In his first address to the incoming freshman class of 127 students and their parents, Clancy said he drew from his physician experiences to talk about the serious need for students to be more aware of risky situations for themselves and classmates.

"I want this freshman class to be a role model for this, and the parents appreciated the honesty and straight-forwardness of it," Clancy said. "I challenged them to 1. Take care of yourself, 2. Take care of each other and 3. Step in."

Multiple students said TU has significant ground to make up in restoring students' faith in the administration's attitude toward victims and commitment to combat sexual assault.

"There were some efforts before — but it didn't feel like it was the university's priority," said Kayleigh Thesenvitz, editor-in-chief of TU's student newspaper, the Collegian, referring to TU's previous administration. "This has been a shift where it's not just students involved."

Results of TU's recent campus climate surveys indicate the tall order that Clancy, faculty and student advocates say lies ahead.

According to the survey, 23.4 percent of students believed TU officials are "not at all" or "slightly likely" to take corrective action against an offender. Nearly 61 percent felt administrators should do more to protect students from harm.

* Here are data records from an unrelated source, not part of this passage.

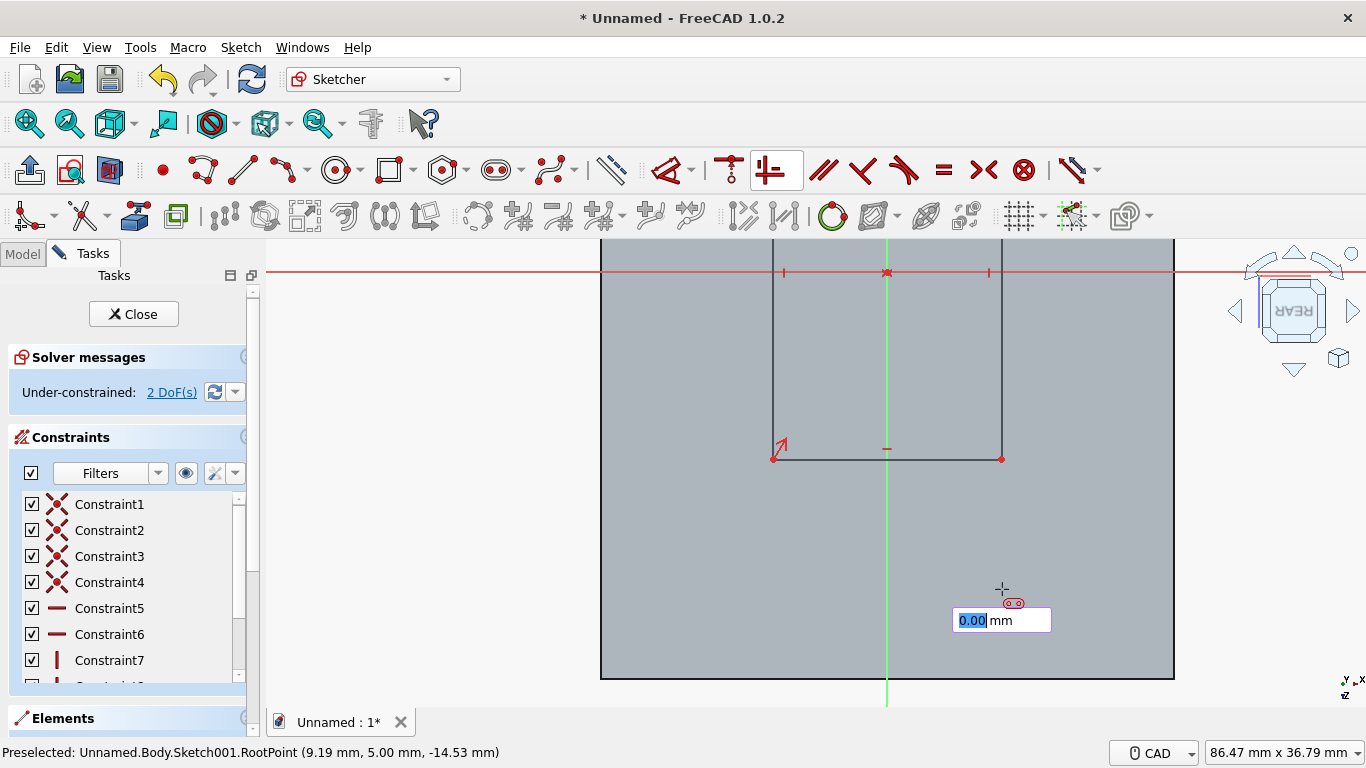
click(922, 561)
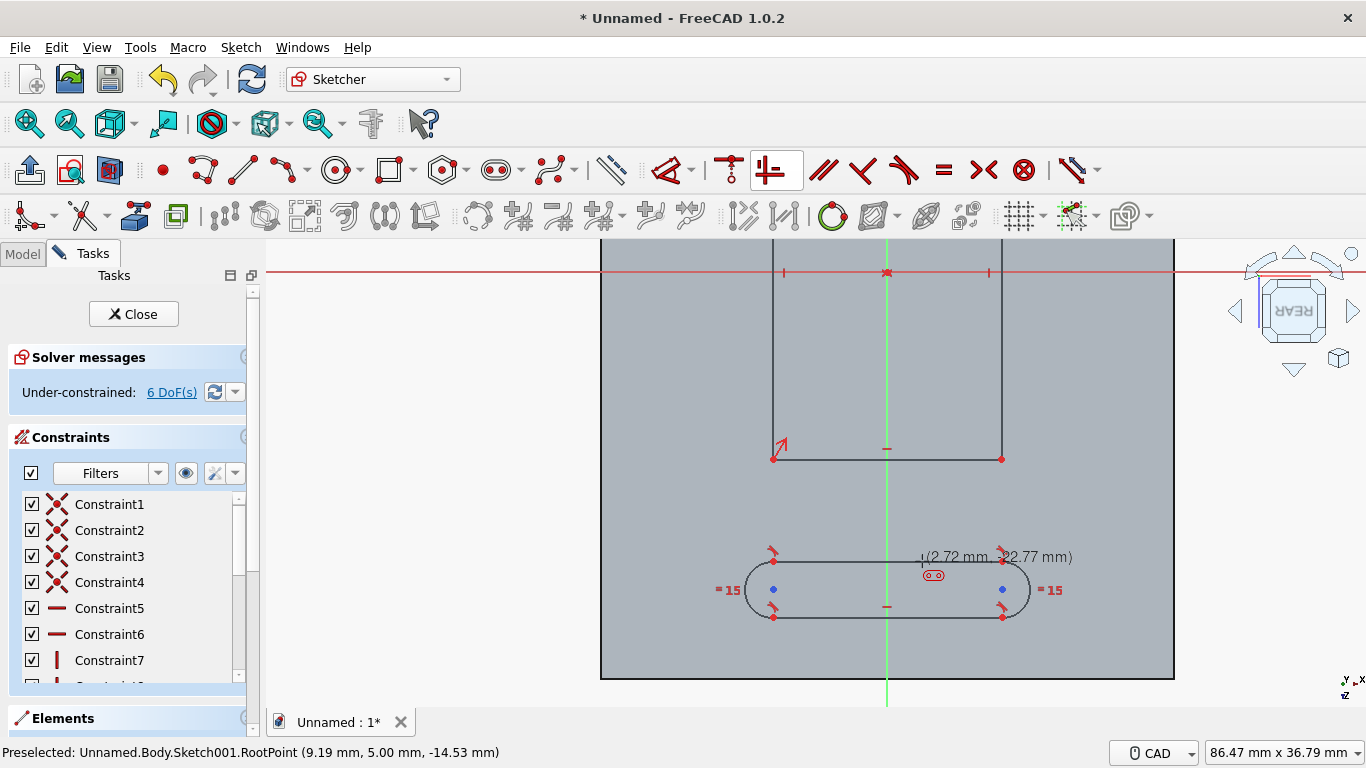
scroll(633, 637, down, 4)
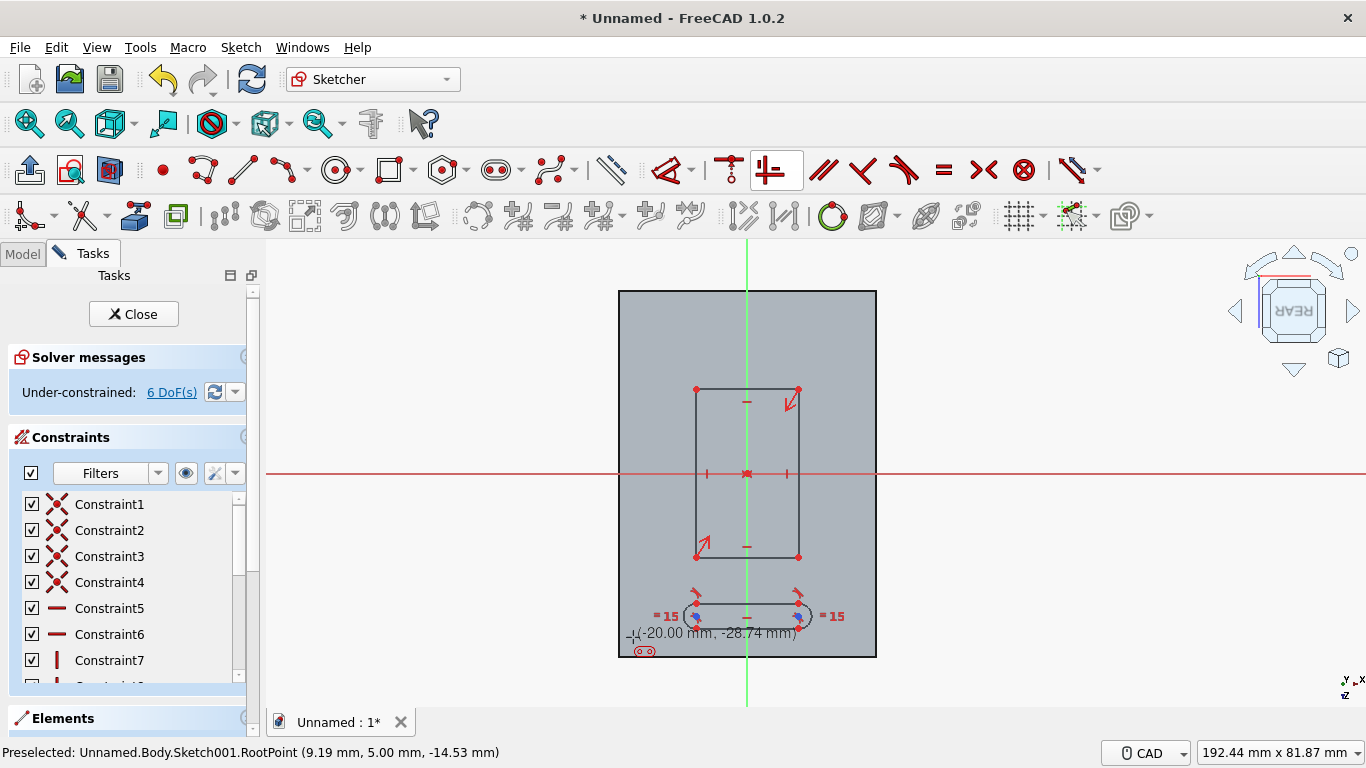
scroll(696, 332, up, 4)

Clancy said the survey results have informed his administration's efforts, and he will use future ones to gauge their progress.

"In the past, there was a more formal process," Clancy said. "From surveys, we learned that student perception was that the victim was needing to defend yourself and that blame was involved."

Students take the survey anonymously to gauge the prevalence of sexual violence, rates of alcohol and drug use, symptoms of mental health needs, and perceptions of prevention programs and response efforts. Results repeatedly show far more students counting themselves as sexual assault victims than TU's tally of officially reported cases.

"What I've learned about being in leadership over the years is you've got to start by being honest with the numbers," Clancy said. "Let's be honest about what's not right now and, with that, we can make things right moving forward."

In TU's most recent survey in 2015-16, 9.1 percent of students reported experiencing sexual violence while being a student at TU. And the survey notes "often survivors are reluctant to endorse victimization even on anonymous surveys. Therefore these estimates are likely an underestimation of the actual rates at the University of Tulsa."

Such a disparity isn't uncommon, as research has shown sexual assault to be a chronically under-reported crime.

Clancy said he fully expects TU's number of reported forcible sex offenses to climb if efforts to improve reporting rates are successful.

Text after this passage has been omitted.